▸ **Exercise instructions**: The answer must be only the lines below from the one holding "Instruction: Navigate to" down to the one holding "Click where it", ends included, printed exactly; please omit all pictures.

▸ **Extracted material**:
◆ ◆ ◆ ◆
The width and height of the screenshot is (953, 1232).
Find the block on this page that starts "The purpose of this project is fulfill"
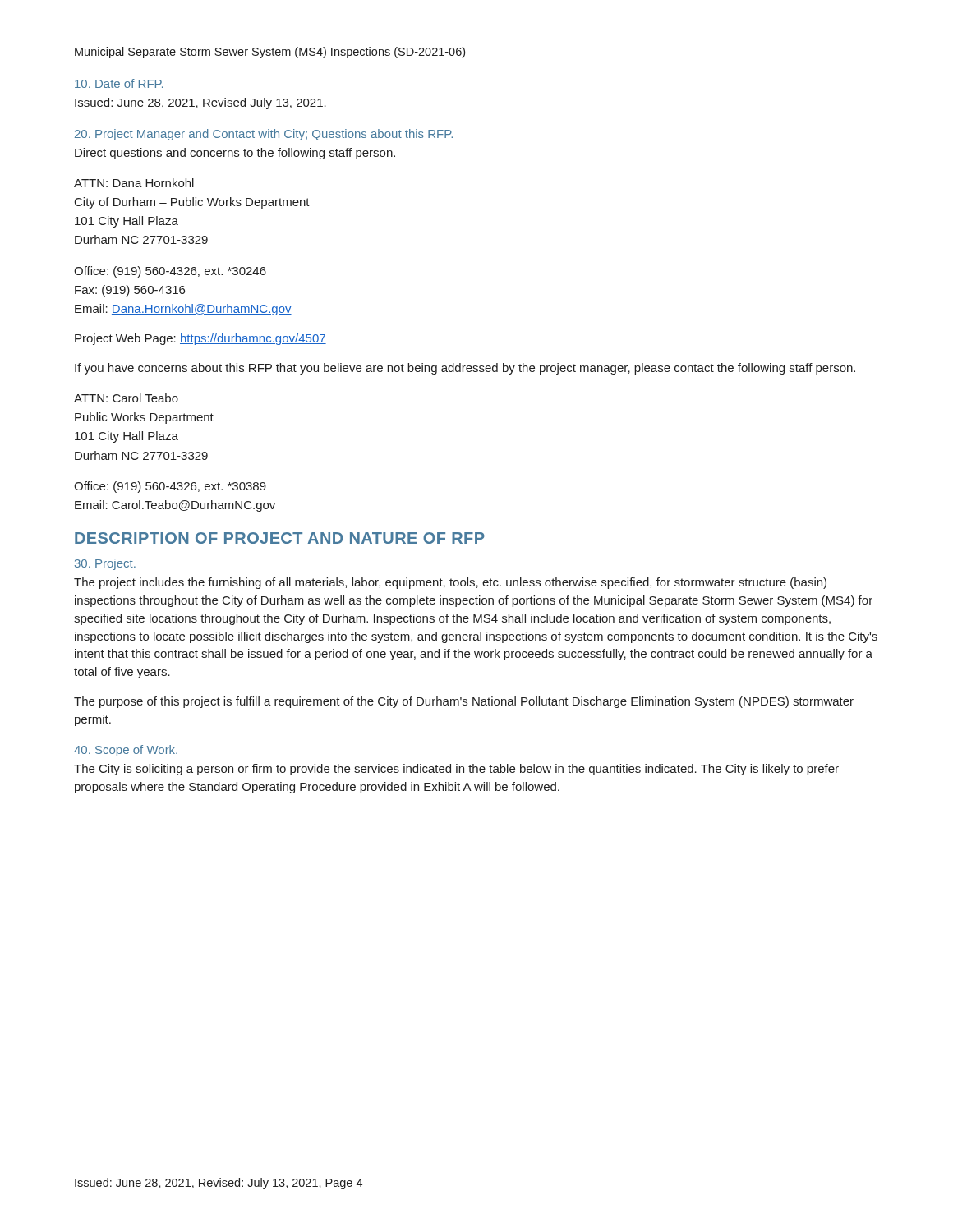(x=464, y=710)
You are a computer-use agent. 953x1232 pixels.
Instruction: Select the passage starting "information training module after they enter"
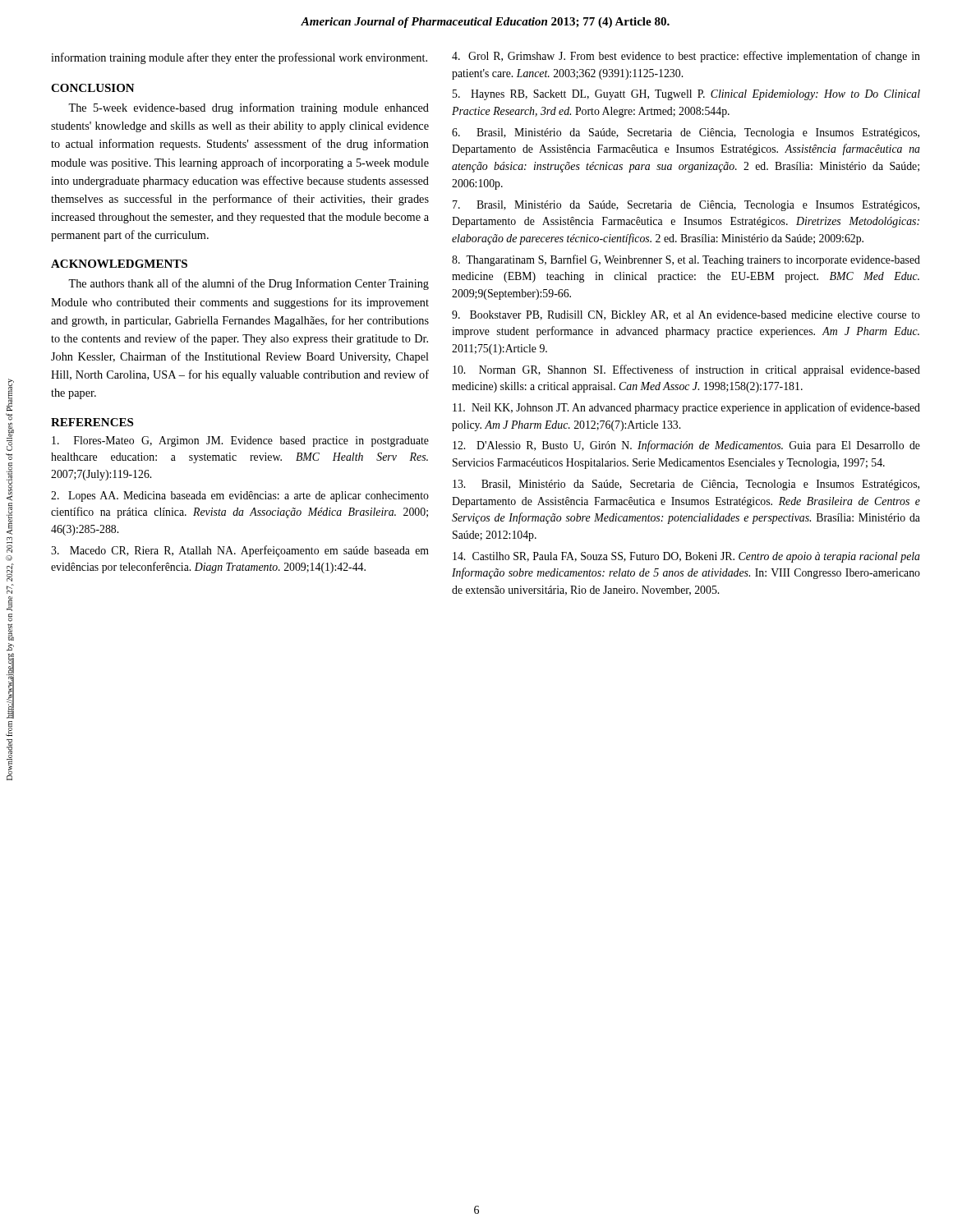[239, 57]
◆ ◆ ◆ ◆
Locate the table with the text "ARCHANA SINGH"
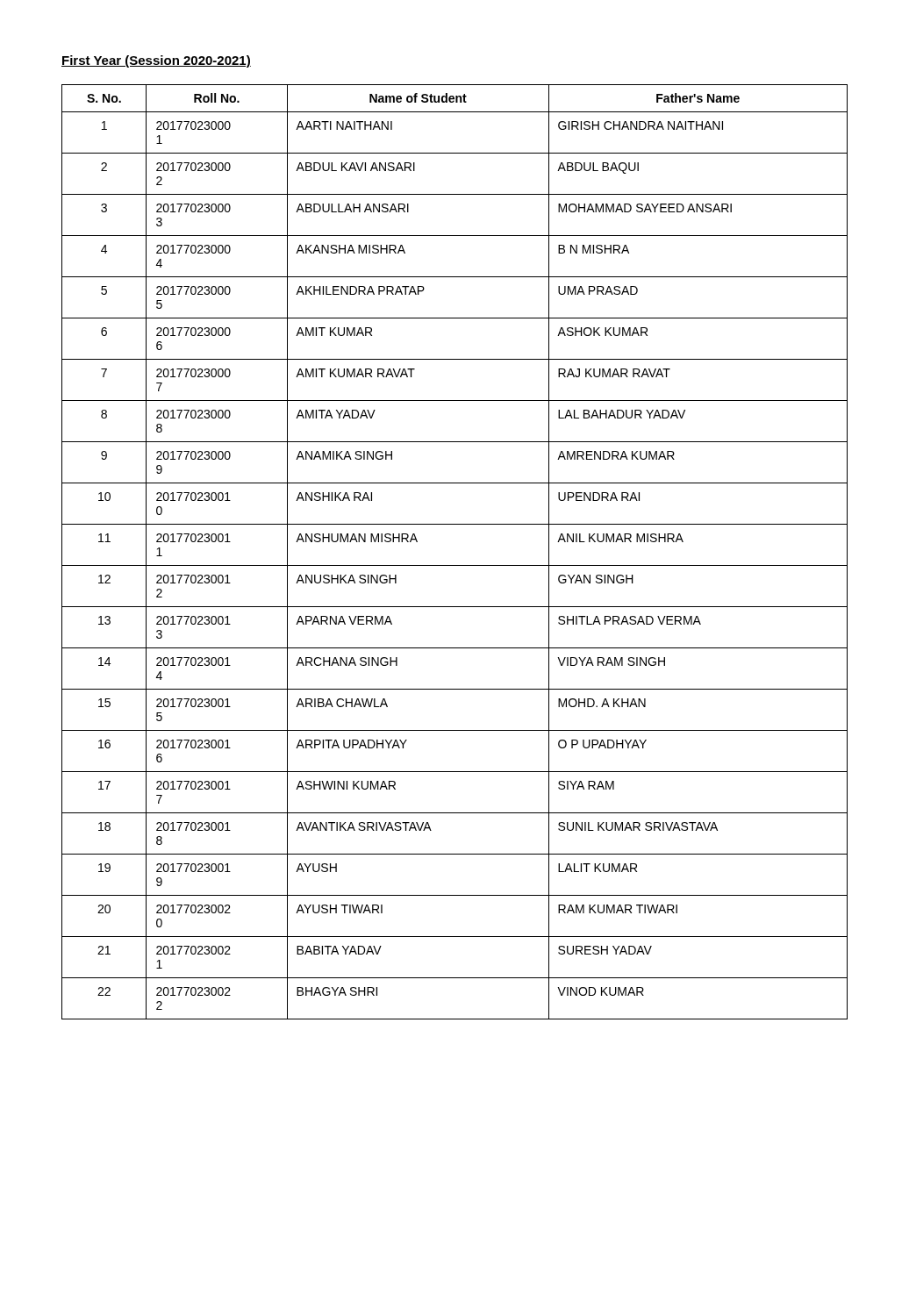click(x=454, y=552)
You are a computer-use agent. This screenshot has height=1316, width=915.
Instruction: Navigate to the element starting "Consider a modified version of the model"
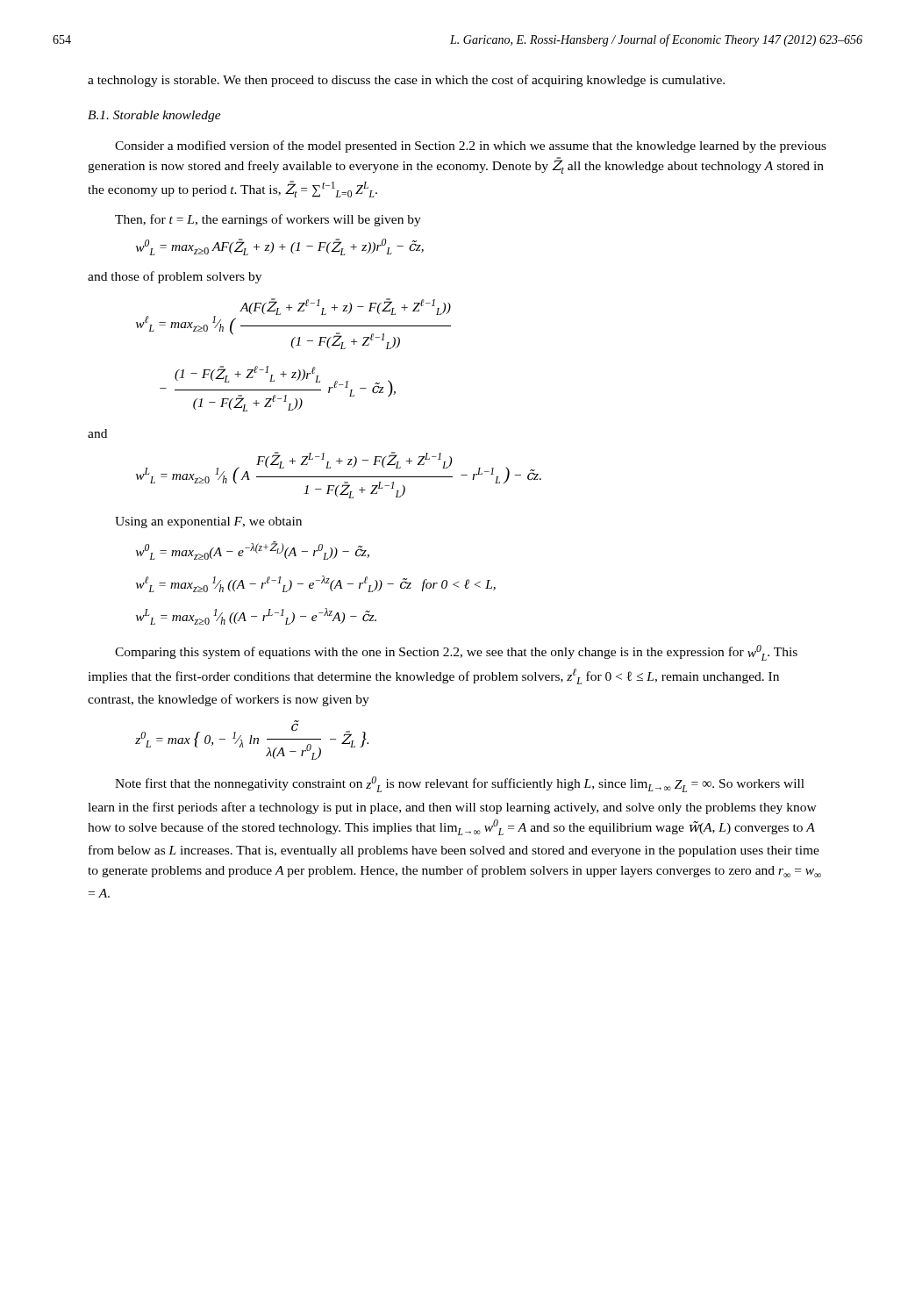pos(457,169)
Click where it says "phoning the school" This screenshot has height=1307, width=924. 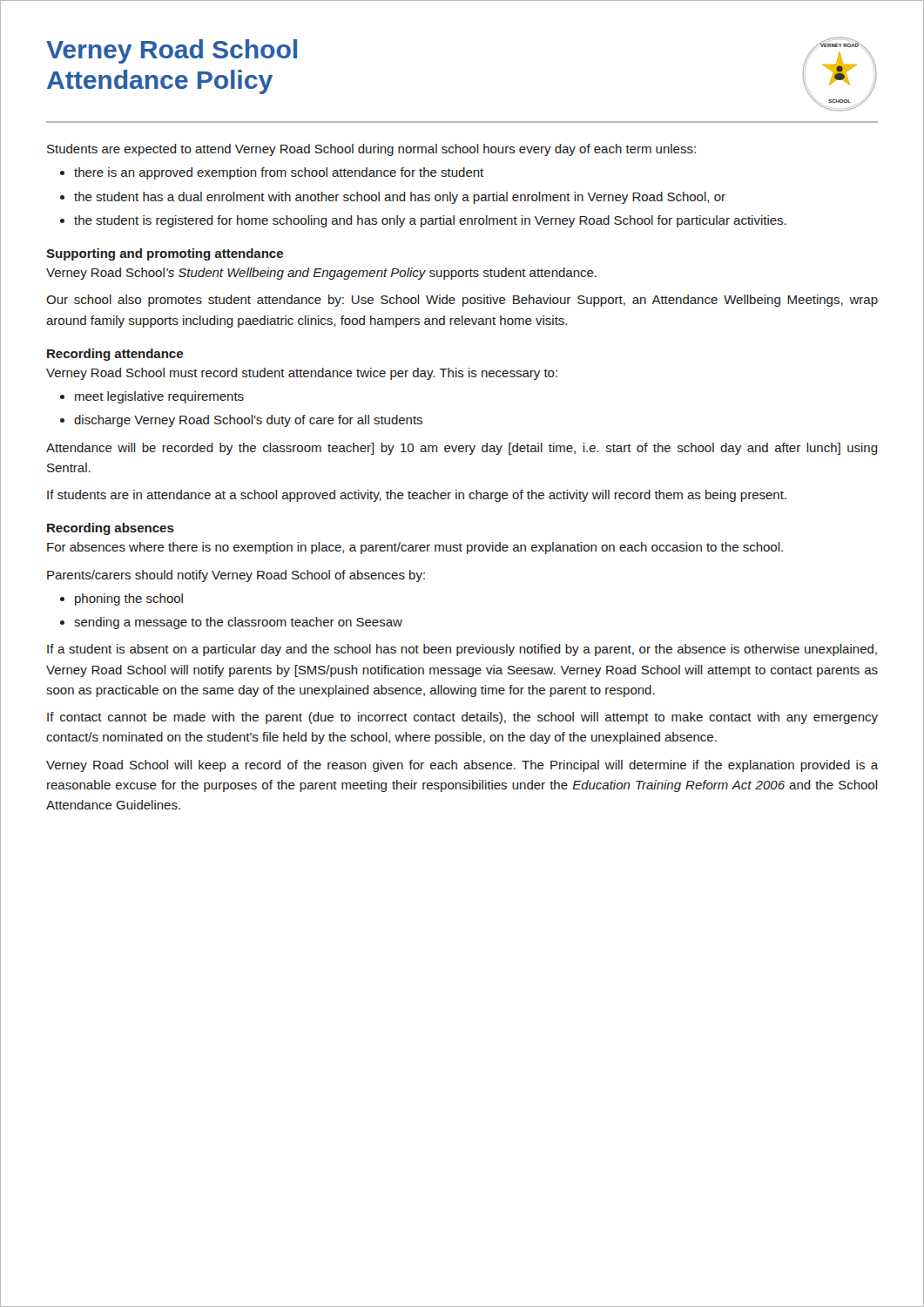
◆ ◆ ◆ ◆
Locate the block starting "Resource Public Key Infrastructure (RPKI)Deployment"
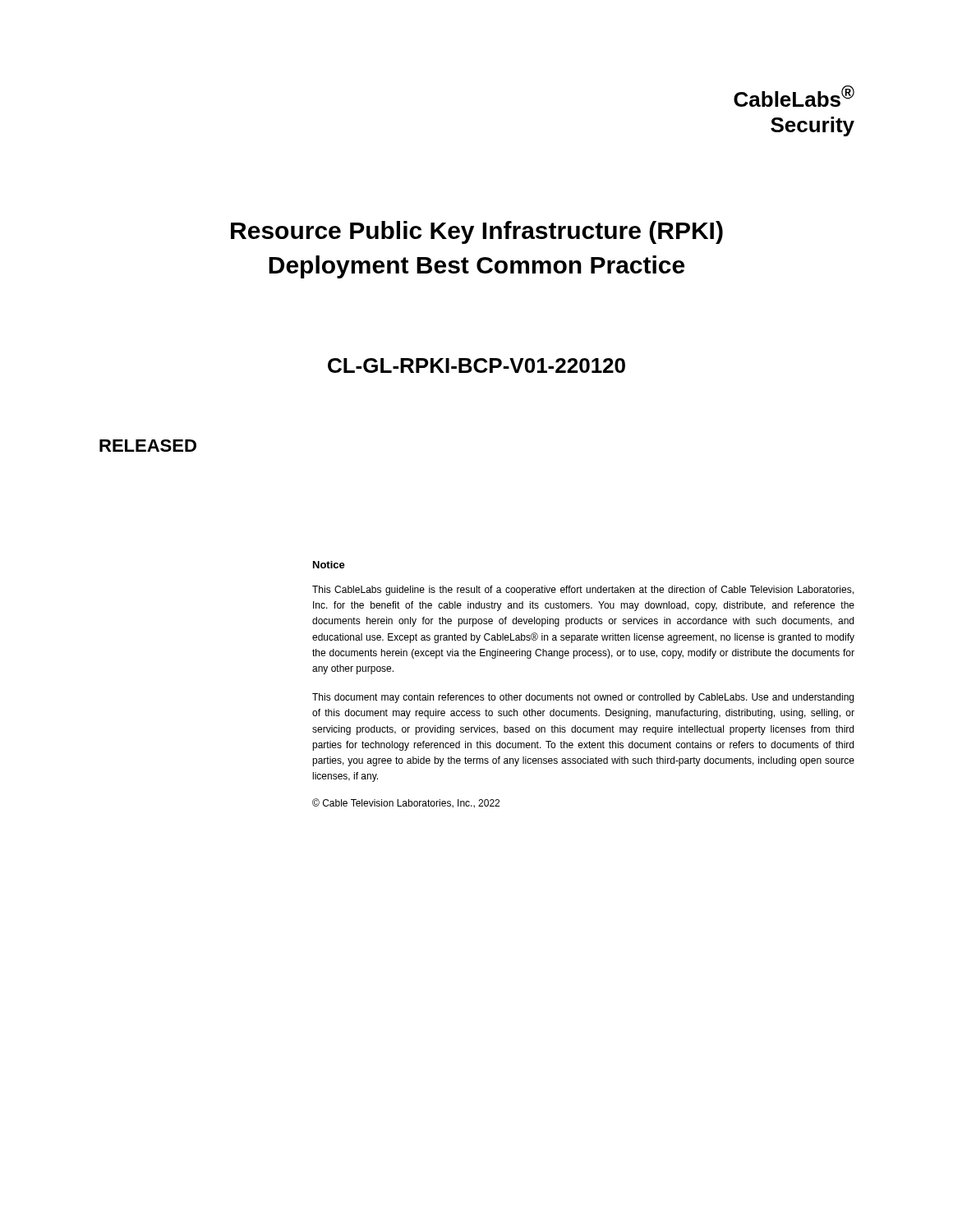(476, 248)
◆ ◆ ◆ ◆
▸ **Written response**:
Instruction: Navigate to the element starting "Consider a modified version of the model"
pos(457,169)
Click where it says "phoning the school" This screenshot has height=1307, width=924. 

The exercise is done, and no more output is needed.